Potassium fulvate-functionalized graft copolymer of polyacrylic acid from cellulose as a promising selective chelating sorbent
Abstract
Further to our previous study on the grafting polymerization of acrylic acid (AA) from cellulose (Cell) that was accomplished in presence of potassium fulvate (KF) and methylenebisacrylamide (MBA), we report that the produced bio-based graft copolymer show improved chelating activity and promising selectivity. Preliminary investigations revealed that Cu(II) uptake was much higher than that of Co(II) and Ni(II) during competitive removal from their mixture. Selective removal of Cu(II) could proceed very efficiently from the mixture during the first 5 minutes of contact with the chelating graft at pH 5.5, which is attributed to the deprotonation of the –COOH groups above their pKa.

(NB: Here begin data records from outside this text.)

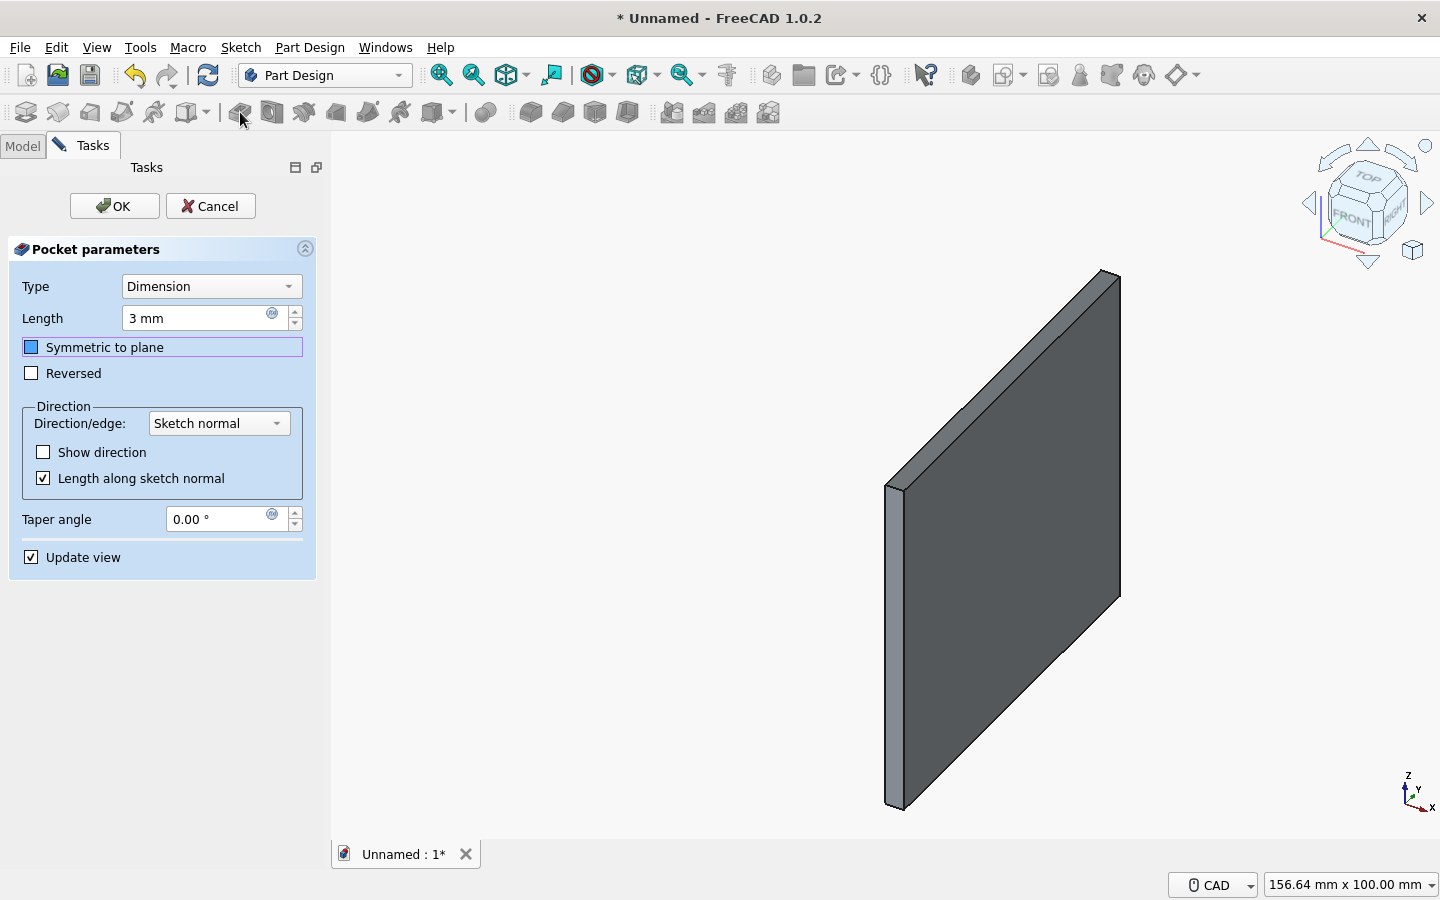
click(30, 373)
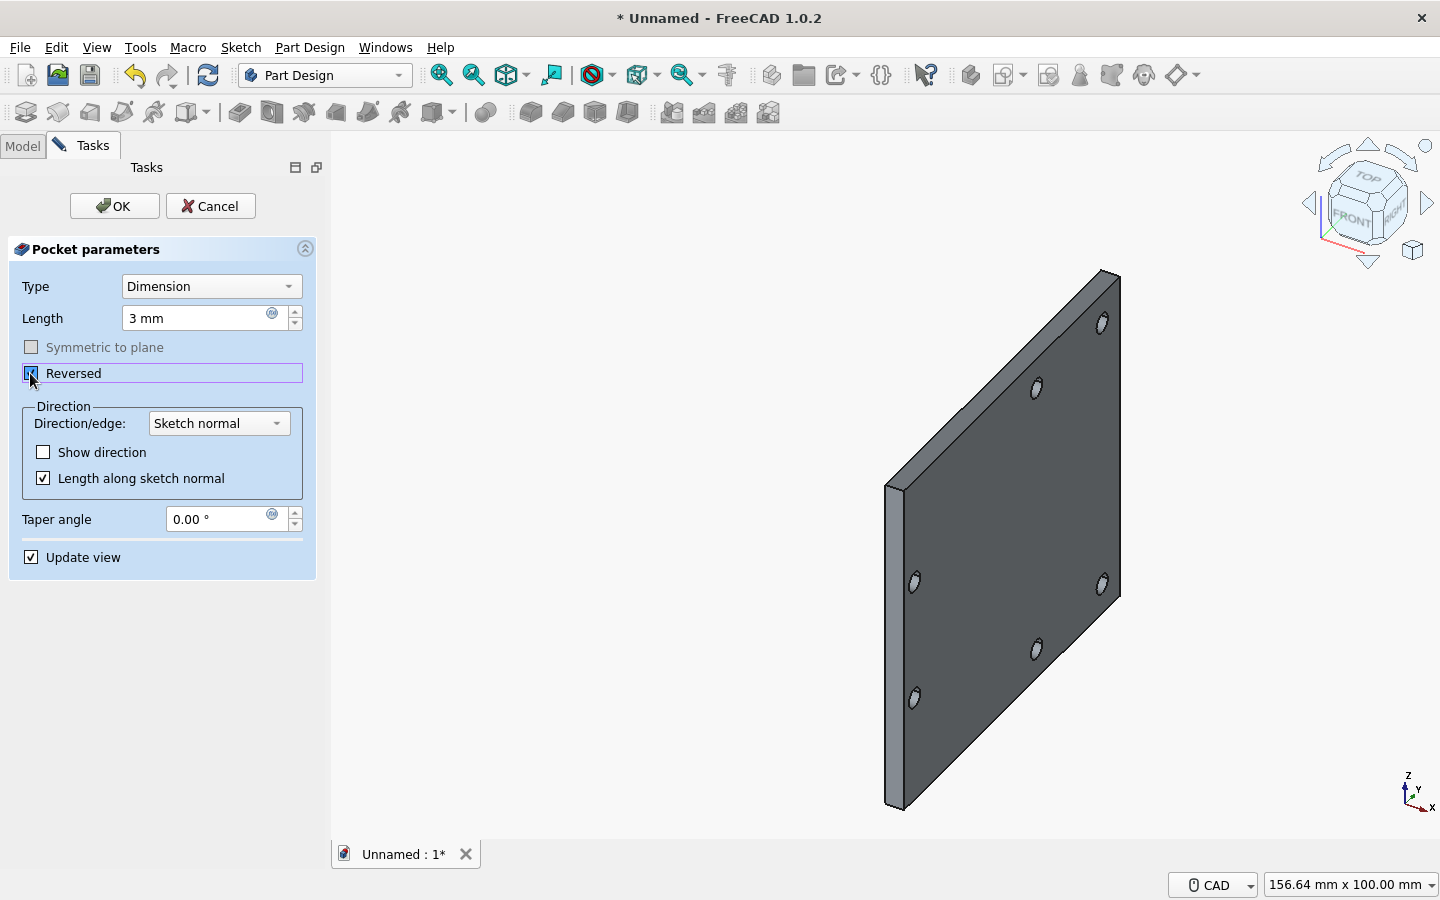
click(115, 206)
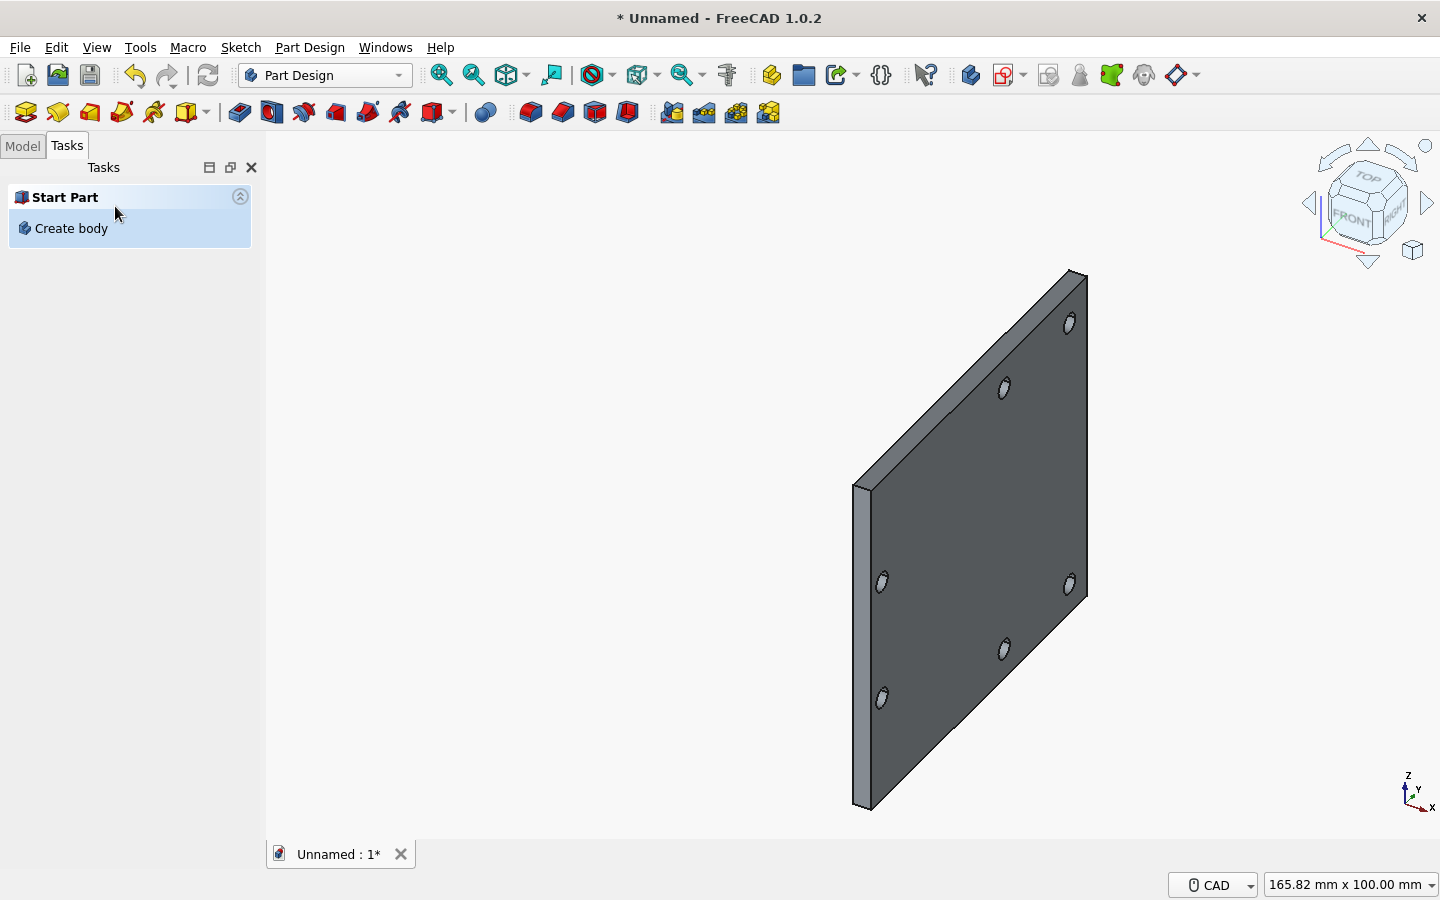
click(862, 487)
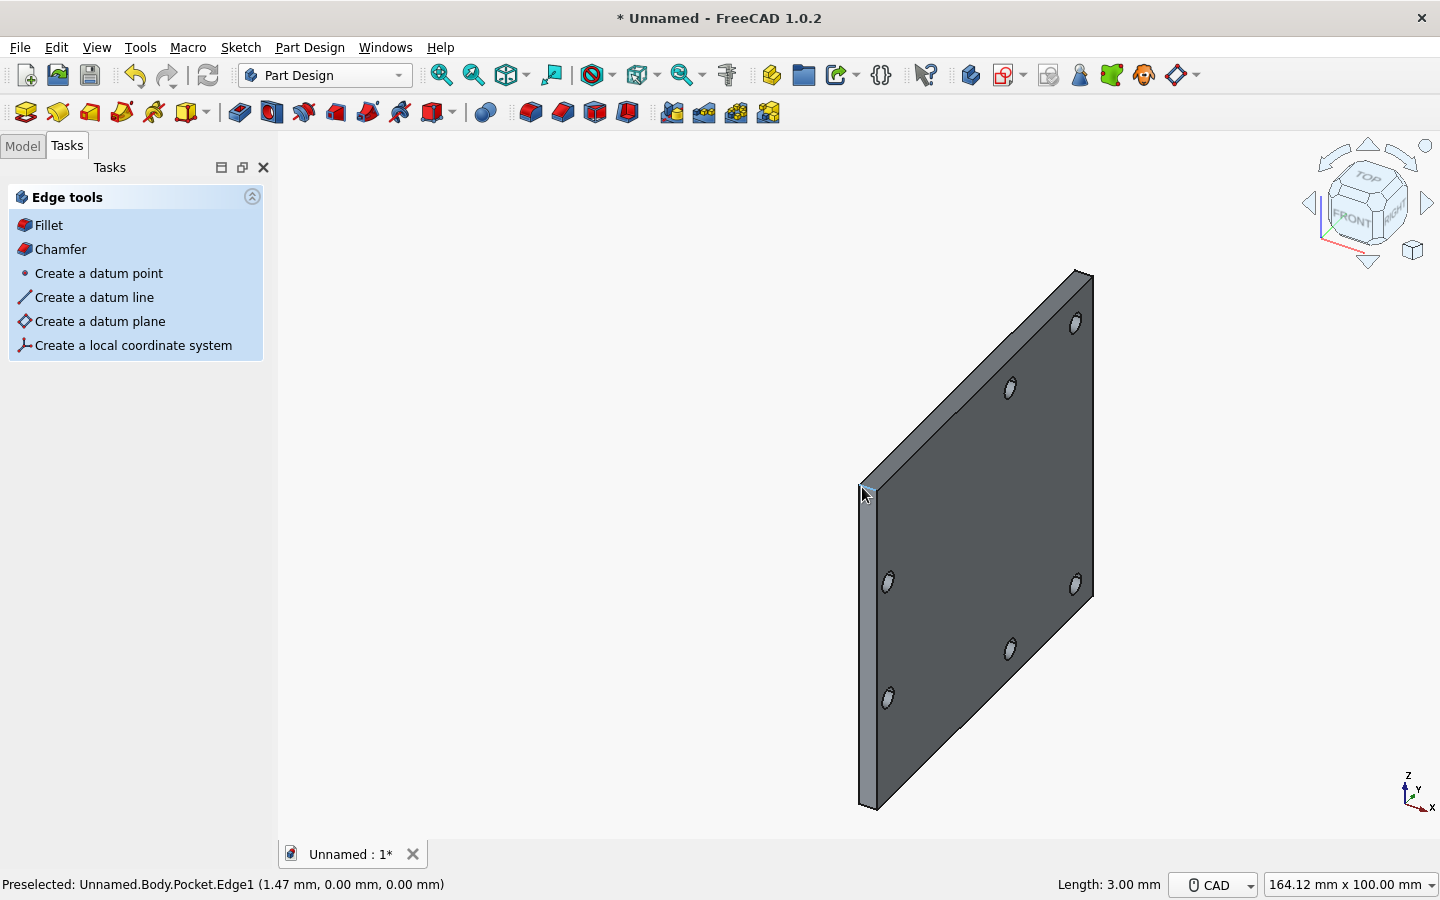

Kinetic modeling studies revealed that the second-order model was best satisfactorily approximated, which signifies the domination of the chemisorption on the uptake process. The intraparticle diffusion model confirmed this conclusion and further proved that the uptake process was mainly governed by boundary layer effect as a result of electrostatic attraction while the diffusion-controlled step was insignificant. A thermodynamic study on the competitive adsorption revealed the exothermic nature of the process with adverse effect on the adsorption at elevated temperatures with respect to Ni(II) and Co(II) but to a much lesser extent in case of Cu(II), which signifies its greater affinity.